Extracted records:
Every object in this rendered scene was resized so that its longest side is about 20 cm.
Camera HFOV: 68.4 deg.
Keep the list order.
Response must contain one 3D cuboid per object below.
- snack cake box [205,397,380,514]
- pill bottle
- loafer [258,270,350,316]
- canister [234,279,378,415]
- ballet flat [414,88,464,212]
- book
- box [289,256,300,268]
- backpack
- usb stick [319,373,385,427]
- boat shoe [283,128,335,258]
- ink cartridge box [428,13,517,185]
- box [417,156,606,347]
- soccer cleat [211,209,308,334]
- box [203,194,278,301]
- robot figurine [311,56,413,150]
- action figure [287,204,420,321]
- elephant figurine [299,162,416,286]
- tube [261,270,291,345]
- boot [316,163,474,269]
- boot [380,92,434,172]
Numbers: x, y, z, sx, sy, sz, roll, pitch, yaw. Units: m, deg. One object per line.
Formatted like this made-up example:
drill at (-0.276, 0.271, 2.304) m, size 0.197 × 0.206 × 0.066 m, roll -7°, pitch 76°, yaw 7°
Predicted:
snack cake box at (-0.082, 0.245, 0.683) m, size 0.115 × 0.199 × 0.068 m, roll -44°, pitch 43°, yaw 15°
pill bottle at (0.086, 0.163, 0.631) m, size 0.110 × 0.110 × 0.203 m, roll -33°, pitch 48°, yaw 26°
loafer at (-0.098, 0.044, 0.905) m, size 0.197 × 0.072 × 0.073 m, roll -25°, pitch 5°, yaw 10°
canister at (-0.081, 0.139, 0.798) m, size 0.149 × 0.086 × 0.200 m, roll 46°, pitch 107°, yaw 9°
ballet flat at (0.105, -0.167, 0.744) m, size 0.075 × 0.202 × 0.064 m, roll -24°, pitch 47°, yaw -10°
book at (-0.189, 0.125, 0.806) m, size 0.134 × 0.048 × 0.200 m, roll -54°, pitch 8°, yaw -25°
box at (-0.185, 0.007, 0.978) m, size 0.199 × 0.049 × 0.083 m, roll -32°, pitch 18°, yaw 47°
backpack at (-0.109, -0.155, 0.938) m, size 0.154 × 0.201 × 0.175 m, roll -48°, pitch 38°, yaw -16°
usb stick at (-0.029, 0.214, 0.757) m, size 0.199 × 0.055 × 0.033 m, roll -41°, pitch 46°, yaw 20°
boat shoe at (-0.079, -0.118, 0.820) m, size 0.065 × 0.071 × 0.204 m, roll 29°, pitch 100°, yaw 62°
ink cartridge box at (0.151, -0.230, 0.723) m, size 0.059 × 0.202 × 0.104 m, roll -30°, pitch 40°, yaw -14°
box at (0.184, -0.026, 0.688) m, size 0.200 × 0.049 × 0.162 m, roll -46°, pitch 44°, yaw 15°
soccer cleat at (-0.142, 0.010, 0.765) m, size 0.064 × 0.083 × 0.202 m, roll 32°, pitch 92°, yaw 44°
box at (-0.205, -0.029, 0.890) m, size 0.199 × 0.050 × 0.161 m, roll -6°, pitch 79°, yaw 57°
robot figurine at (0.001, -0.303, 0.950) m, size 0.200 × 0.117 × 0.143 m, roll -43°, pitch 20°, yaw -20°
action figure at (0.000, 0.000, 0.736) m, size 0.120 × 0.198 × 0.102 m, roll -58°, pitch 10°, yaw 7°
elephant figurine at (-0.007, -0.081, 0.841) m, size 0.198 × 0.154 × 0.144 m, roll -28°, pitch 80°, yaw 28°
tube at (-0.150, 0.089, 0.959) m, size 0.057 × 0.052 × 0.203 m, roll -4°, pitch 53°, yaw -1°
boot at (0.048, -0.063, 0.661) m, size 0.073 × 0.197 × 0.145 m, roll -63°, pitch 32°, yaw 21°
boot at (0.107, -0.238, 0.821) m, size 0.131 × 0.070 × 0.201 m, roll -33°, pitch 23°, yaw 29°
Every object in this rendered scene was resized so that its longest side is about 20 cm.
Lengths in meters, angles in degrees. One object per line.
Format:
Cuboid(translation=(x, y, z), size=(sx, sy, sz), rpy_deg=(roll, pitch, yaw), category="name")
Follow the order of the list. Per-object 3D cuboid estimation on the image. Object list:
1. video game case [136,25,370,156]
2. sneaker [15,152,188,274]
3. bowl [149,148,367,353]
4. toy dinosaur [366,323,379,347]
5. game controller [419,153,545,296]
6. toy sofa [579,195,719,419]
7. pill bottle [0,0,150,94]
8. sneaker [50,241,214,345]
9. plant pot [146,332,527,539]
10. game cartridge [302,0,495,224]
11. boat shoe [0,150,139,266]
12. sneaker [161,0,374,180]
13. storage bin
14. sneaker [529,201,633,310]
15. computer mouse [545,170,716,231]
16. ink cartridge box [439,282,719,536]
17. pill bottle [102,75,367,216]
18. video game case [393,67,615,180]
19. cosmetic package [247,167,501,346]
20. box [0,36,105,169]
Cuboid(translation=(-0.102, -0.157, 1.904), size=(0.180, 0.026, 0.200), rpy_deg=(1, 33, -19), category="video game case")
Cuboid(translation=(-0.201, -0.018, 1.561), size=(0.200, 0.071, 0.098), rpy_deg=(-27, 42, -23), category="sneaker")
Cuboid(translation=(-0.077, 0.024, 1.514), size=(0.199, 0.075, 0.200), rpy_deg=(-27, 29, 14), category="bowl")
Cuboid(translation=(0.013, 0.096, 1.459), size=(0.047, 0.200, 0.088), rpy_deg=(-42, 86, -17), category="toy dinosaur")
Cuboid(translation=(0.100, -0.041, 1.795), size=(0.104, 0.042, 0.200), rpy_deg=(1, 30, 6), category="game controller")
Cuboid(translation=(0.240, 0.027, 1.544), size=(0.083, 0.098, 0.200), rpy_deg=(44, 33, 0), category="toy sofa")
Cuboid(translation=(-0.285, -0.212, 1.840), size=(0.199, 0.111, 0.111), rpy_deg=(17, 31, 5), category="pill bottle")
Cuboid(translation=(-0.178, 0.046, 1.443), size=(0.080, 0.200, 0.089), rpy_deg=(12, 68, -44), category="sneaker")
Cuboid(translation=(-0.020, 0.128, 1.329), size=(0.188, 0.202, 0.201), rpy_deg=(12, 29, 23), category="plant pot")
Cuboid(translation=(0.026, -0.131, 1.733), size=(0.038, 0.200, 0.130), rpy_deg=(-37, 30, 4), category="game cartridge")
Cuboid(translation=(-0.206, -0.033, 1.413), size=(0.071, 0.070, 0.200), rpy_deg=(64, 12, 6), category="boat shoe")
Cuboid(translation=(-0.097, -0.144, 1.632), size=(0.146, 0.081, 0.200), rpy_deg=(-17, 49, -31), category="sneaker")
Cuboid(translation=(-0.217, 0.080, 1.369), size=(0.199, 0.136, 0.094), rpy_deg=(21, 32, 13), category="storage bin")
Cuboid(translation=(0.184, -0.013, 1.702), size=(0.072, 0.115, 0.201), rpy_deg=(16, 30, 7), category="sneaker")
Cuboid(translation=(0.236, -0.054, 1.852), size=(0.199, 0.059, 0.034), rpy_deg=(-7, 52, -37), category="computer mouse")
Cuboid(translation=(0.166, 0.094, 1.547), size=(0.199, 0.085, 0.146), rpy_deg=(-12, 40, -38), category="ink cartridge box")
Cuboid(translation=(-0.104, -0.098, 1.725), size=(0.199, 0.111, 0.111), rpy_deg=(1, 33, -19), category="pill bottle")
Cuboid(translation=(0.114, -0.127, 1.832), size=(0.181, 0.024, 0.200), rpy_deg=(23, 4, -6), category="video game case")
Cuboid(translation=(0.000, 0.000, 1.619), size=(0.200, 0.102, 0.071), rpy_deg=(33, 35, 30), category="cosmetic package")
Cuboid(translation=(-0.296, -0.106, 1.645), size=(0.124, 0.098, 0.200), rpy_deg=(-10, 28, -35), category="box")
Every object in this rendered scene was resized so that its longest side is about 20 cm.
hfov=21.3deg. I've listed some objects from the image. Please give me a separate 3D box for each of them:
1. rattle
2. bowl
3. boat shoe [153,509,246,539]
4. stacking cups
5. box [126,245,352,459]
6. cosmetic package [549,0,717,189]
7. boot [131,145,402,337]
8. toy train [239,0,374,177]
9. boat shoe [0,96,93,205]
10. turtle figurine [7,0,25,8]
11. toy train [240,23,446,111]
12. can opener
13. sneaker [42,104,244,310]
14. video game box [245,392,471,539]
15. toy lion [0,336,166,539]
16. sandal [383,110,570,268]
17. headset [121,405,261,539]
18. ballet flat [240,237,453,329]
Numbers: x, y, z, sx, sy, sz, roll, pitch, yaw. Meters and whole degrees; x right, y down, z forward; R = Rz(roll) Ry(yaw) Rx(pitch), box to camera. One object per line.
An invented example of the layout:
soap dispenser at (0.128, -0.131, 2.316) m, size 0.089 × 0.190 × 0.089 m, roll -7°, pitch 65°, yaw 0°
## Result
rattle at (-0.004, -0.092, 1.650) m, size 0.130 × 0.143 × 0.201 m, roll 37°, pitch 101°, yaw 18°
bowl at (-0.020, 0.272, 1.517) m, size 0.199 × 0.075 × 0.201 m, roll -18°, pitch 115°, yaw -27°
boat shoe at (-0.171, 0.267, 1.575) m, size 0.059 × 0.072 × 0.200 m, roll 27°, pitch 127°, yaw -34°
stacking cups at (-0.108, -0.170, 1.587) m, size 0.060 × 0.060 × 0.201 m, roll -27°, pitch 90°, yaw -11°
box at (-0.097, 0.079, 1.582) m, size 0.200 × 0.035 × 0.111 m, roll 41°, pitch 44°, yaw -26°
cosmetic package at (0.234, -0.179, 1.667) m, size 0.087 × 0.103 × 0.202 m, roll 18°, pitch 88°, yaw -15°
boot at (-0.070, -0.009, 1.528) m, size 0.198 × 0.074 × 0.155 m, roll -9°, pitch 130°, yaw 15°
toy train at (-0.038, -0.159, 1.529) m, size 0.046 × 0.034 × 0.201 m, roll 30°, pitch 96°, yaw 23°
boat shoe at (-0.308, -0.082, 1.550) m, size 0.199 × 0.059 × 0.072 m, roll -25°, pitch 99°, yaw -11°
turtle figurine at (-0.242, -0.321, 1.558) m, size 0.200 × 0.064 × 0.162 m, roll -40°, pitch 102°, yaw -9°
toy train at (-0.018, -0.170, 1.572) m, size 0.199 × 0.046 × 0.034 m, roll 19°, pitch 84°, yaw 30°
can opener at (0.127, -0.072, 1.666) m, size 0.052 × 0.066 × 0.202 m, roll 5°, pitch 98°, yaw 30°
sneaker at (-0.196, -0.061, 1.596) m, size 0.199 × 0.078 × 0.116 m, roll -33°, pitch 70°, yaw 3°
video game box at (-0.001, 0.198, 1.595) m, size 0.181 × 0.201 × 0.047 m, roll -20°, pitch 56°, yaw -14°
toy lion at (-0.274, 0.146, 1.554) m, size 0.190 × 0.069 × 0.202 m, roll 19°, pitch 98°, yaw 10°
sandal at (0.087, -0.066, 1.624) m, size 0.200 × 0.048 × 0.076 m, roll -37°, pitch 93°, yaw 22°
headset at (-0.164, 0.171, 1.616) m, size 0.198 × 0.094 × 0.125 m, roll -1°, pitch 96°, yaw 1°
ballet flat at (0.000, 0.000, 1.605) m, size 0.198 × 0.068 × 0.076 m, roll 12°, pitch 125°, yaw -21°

#### ABOUT THIS EXERCISE
Please print, exactly and with nothing else, the lines from the first line of the entries through the line containing "drill at (-0.276, 0.271, 2.304)".

#### RESPONSE AREA
Every object in this rendered scene was resized so that its longest side is about 20 cm.
Camera HFOV: 68.4 deg.
Keep the list order.
Response must contain one 3D cuboid per object below.
- snack cake box [205,397,380,514]
- pill bottle
- loafer [258,270,350,316]
- canister [234,279,378,415]
- ballet flat [414,88,464,212]
- book
- box [289,256,300,268]
- backpack
- usb stick [319,373,385,427]
- boat shoe [283,128,335,258]
- ink cartridge box [428,13,517,185]
- box [417,156,606,347]
- soccer cleat [211,209,308,334]
- box [203,194,278,301]
- robot figurine [311,56,413,150]
- action figure [287,204,420,321]
- elephant figurine [299,162,416,286]
- tube [261,270,291,345]
- boot [316,163,474,269]
- boot [380,92,434,172]
Numbers: x, y, z, sx, sy, sz, roll, pitch, yaw. Units: m, deg. One object per line.
Formatted like this made-up example:
drill at (-0.276, 0.271, 2.304) m, size 0.197 × 0.206 × 0.066 m, roll -7°, pitch 76°, yaw 7°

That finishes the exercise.